Northern Ireland

CCMS challenges Robinson remarks on education

Peter Robinson
Image caption Peter Robinson called the Northern Ireland education system "a benign form of apartheid"

The Council for Catholic Maintained Schools (CCMS) has challenged the First Minister over his comments about the future of education.

In a speech on Friday, Peter Robinson described the education system as "a benign form of apartheid".

He said that while he had no objection to church schools, he objected to the state funding them.

Donal Flanagan from the Catholic maintained sector has questioned the timing of Mr Robinson's intervention.

"He is certainly not speaking as an educationalist because everybody knows that ethos adds value to education," he added.

"What I would say is, if Peter Robinson wants an open, honest and inclusive debate on the future of education in Northern Ireland then why would he choose a platform at the installation of a DUP mayor in Castlereagh to launch this so I have to question his motive."

On Saturday, Bishop Donal McKeown said the right of parents to choose a faith-based education must be recognised.

He said it was the "hallmark of a stable and pluralist society".

"This key principle, which recognises the right of parents, is guaranteed by the European Convention for Human Rights," the chair of the Northern Ireland Commission for Catholic Education said.

"It is worth pointing out that parents who choose faith-based schools for their children, pay taxes toward the provision of that education.

"The Catholic Church has also contributed substantial funding and resources for the provision of Catholic schools over generations, and this has ultimately saved the taxpayer money."

'Attack'

Earlier, Sinn Fein had accused Mr Robinson of launching an attack on the Catholic education sector.

Assembly member John O'Dowd said his focus should be on the bureaucracy within the system and not Catholic education.

"The principle of children going to school together, no-one can argue against," he said.

"However, I suspect that is not the motivation behind the DUP leader's statement last night.

"What we are witnessing is an attack on the Catholic education sector, not based on the principle that the DUP support integrated education.

"It's rather based on the principle that the DUP are opposed to the education sector which the Catholic Church has promoted, quite successfully it has to be said."

On Friday, Mr Robinson also said he wanted to set up a commission to look at the total integration of the different sectors.

He compared the system to South Africa during apartheid where black and white children were educated separately.
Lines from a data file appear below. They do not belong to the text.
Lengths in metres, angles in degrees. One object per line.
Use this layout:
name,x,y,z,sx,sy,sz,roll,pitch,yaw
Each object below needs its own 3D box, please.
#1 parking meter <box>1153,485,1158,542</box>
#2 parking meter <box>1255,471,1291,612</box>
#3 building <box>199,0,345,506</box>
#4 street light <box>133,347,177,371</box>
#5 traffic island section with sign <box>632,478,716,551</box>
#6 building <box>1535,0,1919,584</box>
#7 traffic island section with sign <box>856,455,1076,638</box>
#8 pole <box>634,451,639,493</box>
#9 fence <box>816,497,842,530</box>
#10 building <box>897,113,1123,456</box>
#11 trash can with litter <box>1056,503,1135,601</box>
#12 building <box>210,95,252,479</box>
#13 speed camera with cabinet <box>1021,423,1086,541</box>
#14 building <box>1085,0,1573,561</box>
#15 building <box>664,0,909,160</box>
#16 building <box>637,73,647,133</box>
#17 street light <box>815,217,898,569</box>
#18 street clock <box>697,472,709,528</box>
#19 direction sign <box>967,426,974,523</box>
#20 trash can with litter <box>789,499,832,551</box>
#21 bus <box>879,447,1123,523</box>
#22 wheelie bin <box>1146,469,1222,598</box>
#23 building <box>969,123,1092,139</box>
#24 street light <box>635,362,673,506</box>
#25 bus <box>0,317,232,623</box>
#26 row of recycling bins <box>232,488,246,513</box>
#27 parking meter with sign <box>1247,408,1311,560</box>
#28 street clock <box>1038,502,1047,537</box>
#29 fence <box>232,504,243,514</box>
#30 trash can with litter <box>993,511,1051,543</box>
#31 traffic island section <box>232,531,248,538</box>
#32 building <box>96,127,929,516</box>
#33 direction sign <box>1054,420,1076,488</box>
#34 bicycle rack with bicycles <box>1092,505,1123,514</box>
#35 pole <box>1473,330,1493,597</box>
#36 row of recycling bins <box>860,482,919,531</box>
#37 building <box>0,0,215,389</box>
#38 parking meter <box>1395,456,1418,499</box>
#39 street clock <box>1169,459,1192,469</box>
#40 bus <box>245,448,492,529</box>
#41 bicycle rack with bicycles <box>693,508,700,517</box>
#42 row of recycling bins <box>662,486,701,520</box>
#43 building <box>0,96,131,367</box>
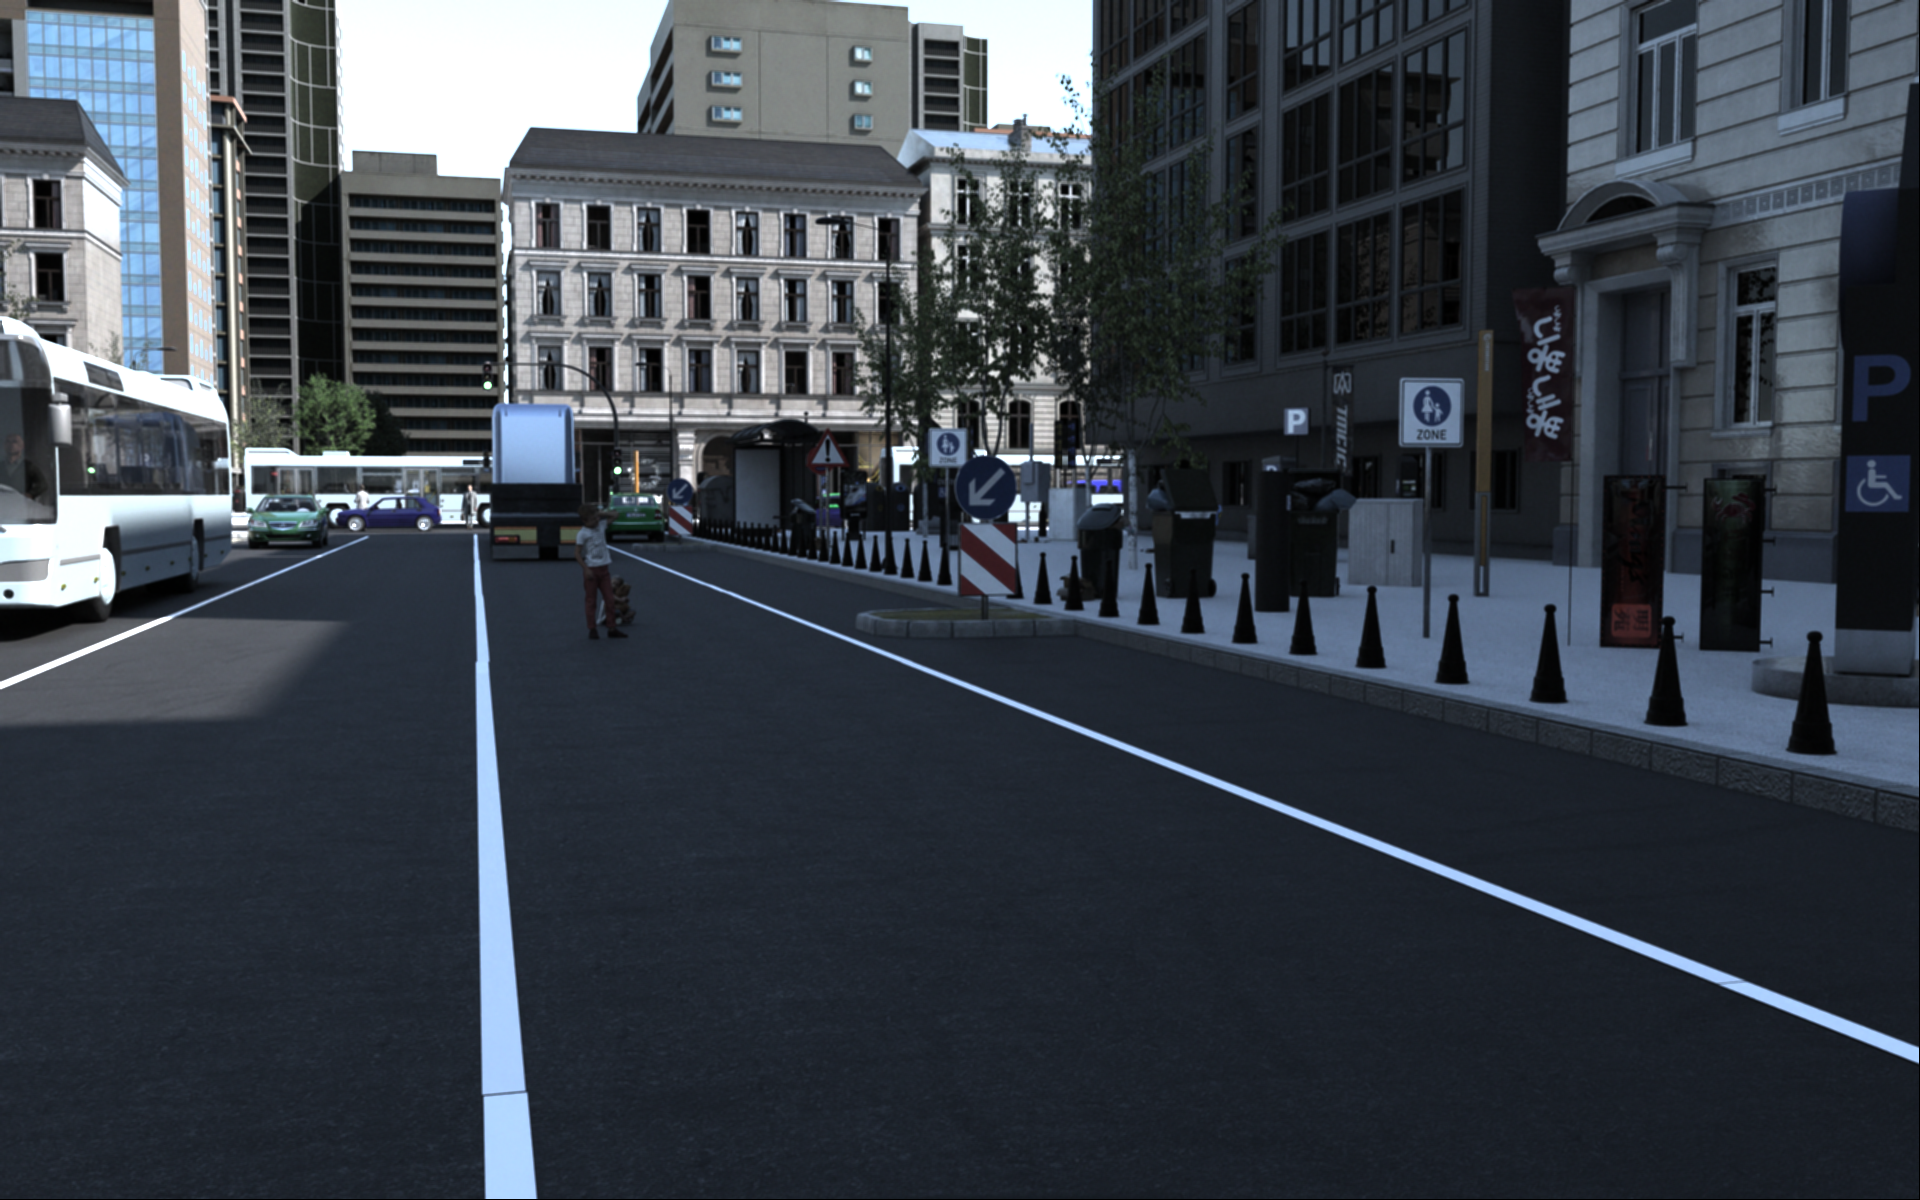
parking meter,5.386,-2.331,46.523,0.372,1.533,0.369,0,3,0
parking meter,3.421,-0.644,18.933,0.372,1.533,0.369,0,3,0
building,-97.025,-49.134,241.592,20.611,71.187,20.563,-1,4,-16
street light,-25.422,-5.025,54.700,1.470,5.913,1.316,-1,4,-16
traffic island section with sign,-7.337,-2.177,44.225,1.989,1.847,2.006,-1,4,-16
building,19.267,-14.477,22.597,13.634,28.700,20.117,-1,4,-16
traffic island section with sign,-0.040,-0.590,18.273,1.989,1.847,2.006,-1,4,-16
pole,-15.245,-5.367,81.590,0.158,3.312,0.155,0,3,0
fence,-4.162,-3.141,62.553,2.264,1.192,0.480,-3,5,-42
building,13.283,-17.430,104.072,34.723,24.649,14.460,-1,4,-16
trash can with litter,1.637,-0.593,21.080,0.624,1.170,1.055,2,4,32
building,-88.657,-32.254,181.981,28.867,44.769,22.147,-1,4,-16
speed camera with cabinet,2.610,-3.287,48.080,2.038,3.252,0.660,3,5,45
building,13.630,-15.316,43.922,14.314,27.812,24.014,-1,4,-16
building,-17.394,-33.050,164.067,21.300,48.544,21.600,-1,4,-16
building,-22.620,-34.348,185.284,21.300,48.544,21.600,-1,4,-16
street light,-1.746,-3.474,29.341,1.470,5.913,1.316,-1,4,-16
street clock,-8.419,-3.193,56.775,0.358,2.002,0.471,1,4,14
direction sign,0.347,-4.022,57.762,0.379,3.537,0.876,-1,4,-13
trash can with litter,-3.377,-1.729,39.654,1.055,1.170,0.624,2,4,29
bus,3.463,-4.615,70.322,13.247,3.499,2.948,-1,4,-15
wheelie bin,2.751,-0.835,21.563,0.980,1.594,0.693,-1,4,-20
building,7.486,-33.866,208.330,28.867,44.769,22.147,-1,4,-16
street light,-10.777,-5.432,61.353,1.470,5.913,1.316,-1,4,-16
bus,-11.480,-1.644,21.746,2.948,3.499,13.247,-1,4,-15
row of recycling bins,-50.336,-6.894,119.833,3.534,1.692,1.069,-1,4,-9
parking meter with sign,6.321,-2.337,34.468,0.543,3.016,1.738,3,4,37
street clock,2.486,-2.907,52.100,0.471,2.002,0.358,-2,4,-26
fence,-41.542,-5.098,98.733,0.278,0.683,2.069,1,4,15
trash can with litter,1.426,-2.121,45.738,2.233,1.210,1.678,-1,4,-17
traffic island section,-24.633,-2.160,57.602,2.009,0.180,2.903,-1,4,-16
building,-22.533,-14.787,92.669,40.483,20.767,10.553,-1,4,-16
direction sign,3.223,-3.740,53.139,0.379,3.537,0.876,-3,5,-44
bicycle rack with bicycles,5.501,-3.109,64.212,2.852,0.926,2.925,3,5,45
pole,6.538,-1.699,21.626,0.158,3.312,0.155,0,3,0
row of recycling bins,-1.712,-3.242,60.121,3.534,1.692,1.069,-1,4,-12
building,-70.439,-30.162,143.266,14.600,45.320,14.200,-1,4,-16
parking meter,6.777,-1.260,26.320,0.255,1.863,0.399,0,4,2
street clock,4.592,-1.929,36.105,0.471,2.002,0.358,-2,4,-31
bus,-22.597,-4.736,72.296,13.247,3.499,2.948,-1,4,-17
bicycle rack with bicycles,-12.003,-4.382,85.021,2.852,0.926,2.925,-3,5,-41
row of recycling bins,-13.354,-4.917,87.511,3.534,1.692,1.069,1,4,12
building,-61.813,-14.095,81.356,40.483,20.767,10.553,-1,4,-16

BBC NI education correspondent Maggie Taggart said the speech was likely to provoke controversy.

In an apparent reference to Catholic schools, he said he had no objection to church schools but he did object to the state paying for them.

"It may take ten years or longer to address this problem, which dates back many decades, but the real crime would be to accept the status quo for the sake of a quiet life," he said.

"The benefits of such a system are not merely financial but could play a transformative role in changing society in Northern Ireland."

He added that there were a number of "knotty issues" such as "religious education, school assembly devotions and the curriculum".

"Future generations will not thank us if we fail to address this issue," the DUP leader said.

It would be difficult to dislodge "vested interests", he said, but was "convinced" that it should be done.

Integrated sector

Our correspondent said that the DUP position has been that the state - or controlled - sector was non-denominational and could be used by those of all religions and none.

She added that Mr Robinson was proposing a single education system, rather than enlarging the integrated system which he did not believe would create the critical mass needed to make a real difference.

However, Noreen Campbell from the NI Council for Integrated Education has said Mr Robinson's speech is a significant contribution to the debate.

"For the first time, a major politician has said that a separate system of education is not good for our society generally - that there are moral issues about it," she said.

"He has actually made some of the points we in the integrated movement have been making for years and he has said that there ought to be a major commission to look at educational provision here in Northern Ireland, that has got to be welcomed."